July wasn’t a great month for the state-owned oil company Pemex.
Two workers were killed in a fire that broke out on an offshore platform in the Gulf on July 7. Then on July 26, Pemex admitted that oil spilled into the same body of water from an aging underwater pipeline soon afterward. And then last Sunday — the penultimate day of the month — Pemex shut down Mexico’s largest oil-exporting terminal due to a leak, according to a report by the Bloomberg news agency.
Bloomberg reported Tuesday that Pemex closed the Yúum K’ak’ Náab floating production storage and offloading (FPSO) unit in the Gulf of Mexico because of a leak in one of its hose trains.
The news agency said it saw the information in a shipping report. Norwegian FPSO operator BW Offshore handed over ownership and operation of the Yúum K’ak’ Náab FPSO unit to Pemex just over a year ago.
The FPSO, located off the coast of Campeche, has storage capacity of 2.2 million barrels, with oil processing capacity of 200,000 barrels per day and gas handling capacity of 120 million cubic feet per day, according to the online business intelligence platform BNamericas.
Bloomberg noted that Pemex also shut its terminal in Salina Cruz, Oaxaca, last month “after hoses loading a ship were blown off by strong winds.”
The string of mishaps occurred at a time of year when Pemex’s oil sales to the United States usually increase to meet demand generated by the summer vacation period, when many people go on road trips.
Bloomberg reported that the Yúum K’ak’ Náab FPSO vessel and the Salina Cruz terminal were expected to resume operations later this week. Citing a shipping report, the news agency also said that Pemex was reactivating a floating platform at the Cayos Arcas terminal off the Campeche coast on Wednesday.

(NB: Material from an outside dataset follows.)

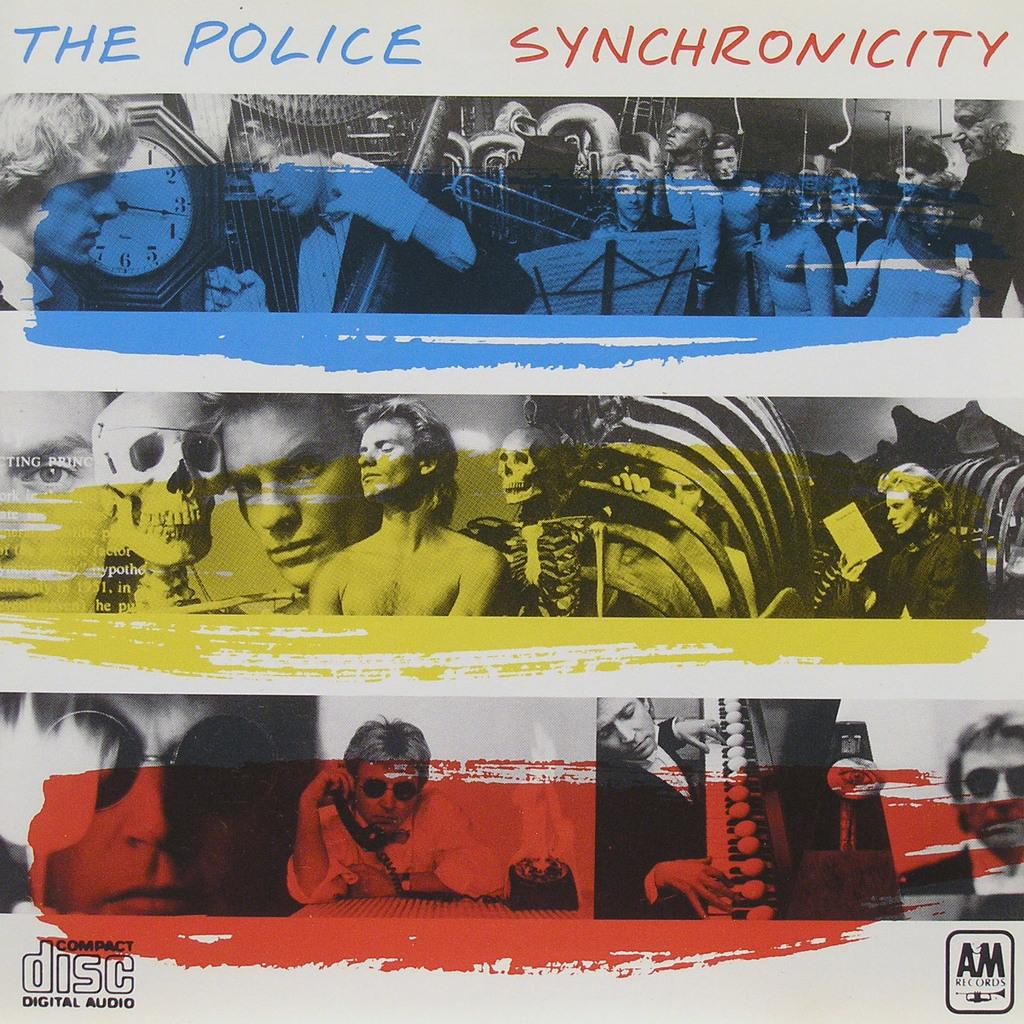<image>
Create a compact narrative representing the image presented. An album cover from The Police with the name Synchronicity.

The activation, Bloomberg said, “is meant to help ease a backlog of seven ships waiting to load 8 million barrels of oil for clients in the U.S., South Korea, China and India.”
Pemex’s oil production has increased during the term of the current government, but the state-owned firm remains heavily indebted, with liabilities going above US $110 billion in the second quarter of the year.